8 Tax Changes That Could Affect You


By year's end, Americans usually have a good idea of what the tax rules will look like in the new year and can plan accordingly. That's not the case this time around. With a huge chunk of the tax code set to expire Jan. 1, the 2013 tax forecast is, well, foggy.

With a bumper crop of tax code changes, extensions and expirations, filing your return may be tricky. Here's what you need to know.

  1. The health insurance penalty If you didn't have health insurance in 2015 you will pay $325 per person or 2% of your household income, whichever is greater.

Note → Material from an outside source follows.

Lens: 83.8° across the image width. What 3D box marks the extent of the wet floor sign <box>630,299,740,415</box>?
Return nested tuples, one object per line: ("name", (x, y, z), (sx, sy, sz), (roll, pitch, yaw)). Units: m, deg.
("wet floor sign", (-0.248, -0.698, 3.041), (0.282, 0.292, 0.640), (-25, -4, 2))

  2. Pell grants Pell grants may be allocated as living expenses, potentially increasing the education credit
  3. Deductions are increasing The standard deduction goes up to $6,300 for singles and $12.600 for married filing jointly
  4. The Alternative Minimum Tax Is Increasing The Alternative Minimum Tax exemption amount is now $53,600 for individuals and $83,400 for joint filers.

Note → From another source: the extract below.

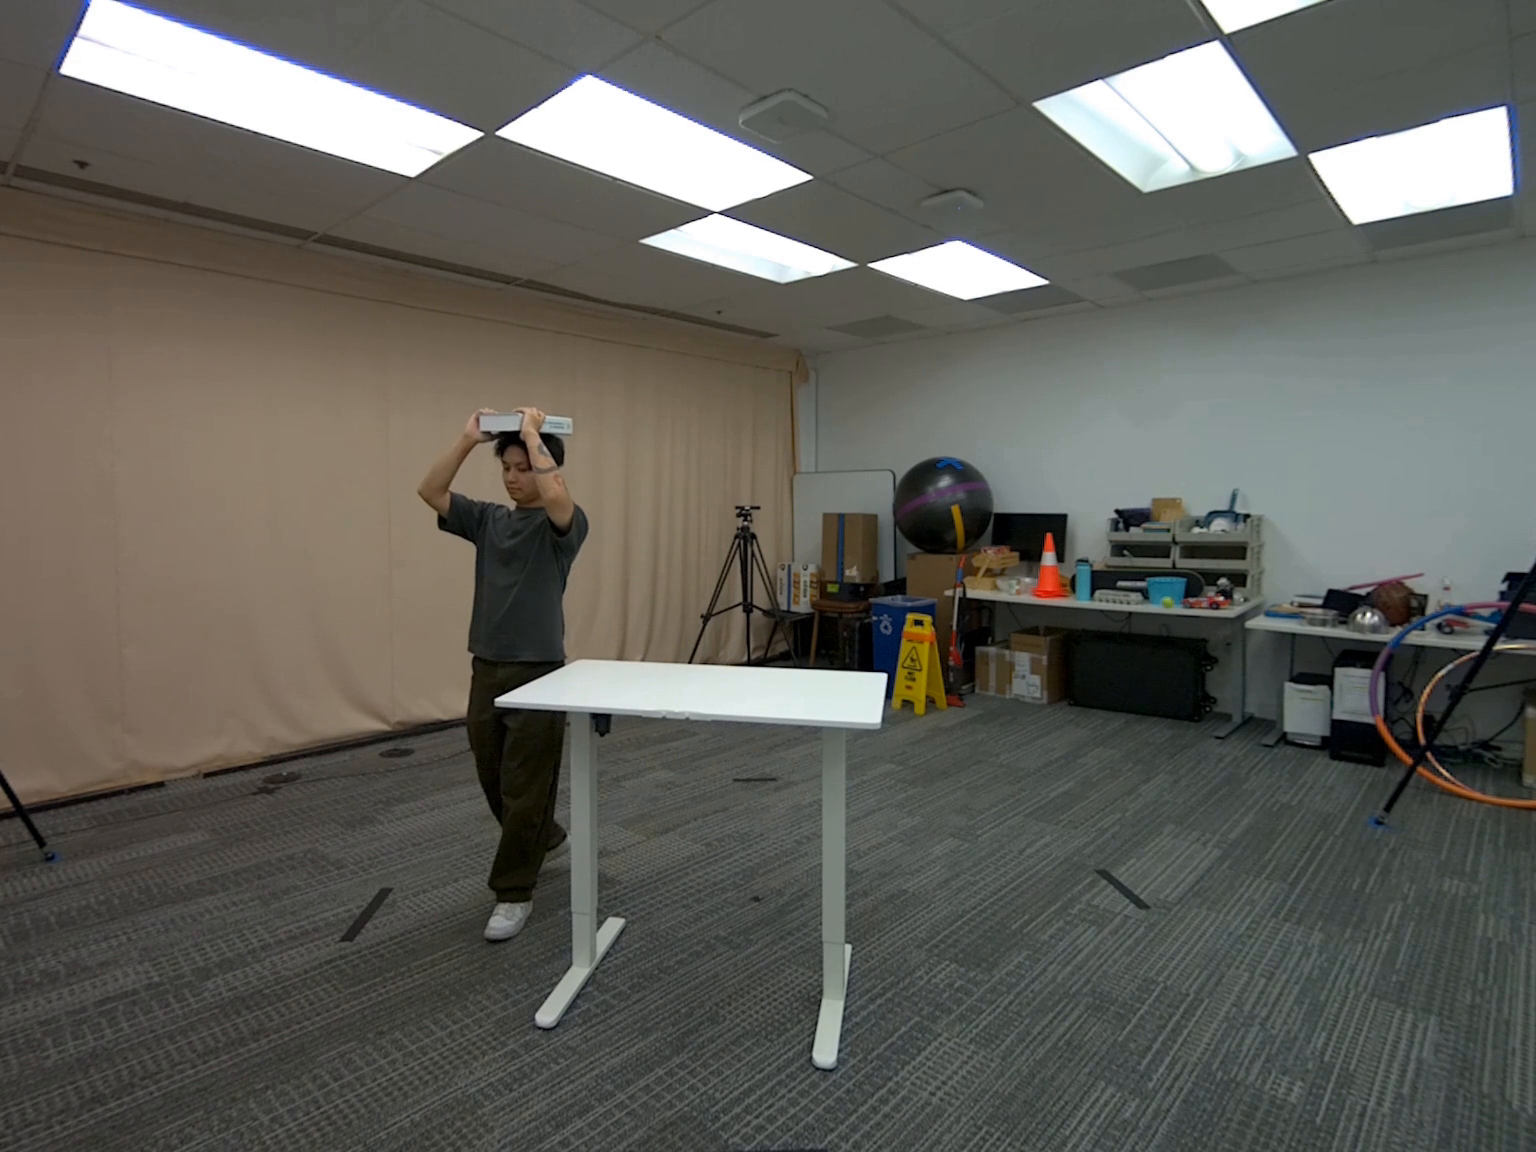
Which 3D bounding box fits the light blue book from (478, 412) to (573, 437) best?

  5. Higher Limits on 401(k) deductions The limit on employee contributions to a 401(k) plan will increase by $500 and is now $18,000. The "catch-up" allowance for those over 50 is also up $500 to $6,000.
  6. Many expired tax breaks were extended These include the higher education tuition deduction, energy credits, and commuter tax breaks, among others.
  7. Government payments for health care to relatives If you are paid by the government to provide non-skilled medical support services to a relative in your home, this can be excluded from taxable income.
  8. Tax brackets are adjusted for inflation The lowest bracket will go from $18,150 to $18,450, all other brackets are being adjusted too.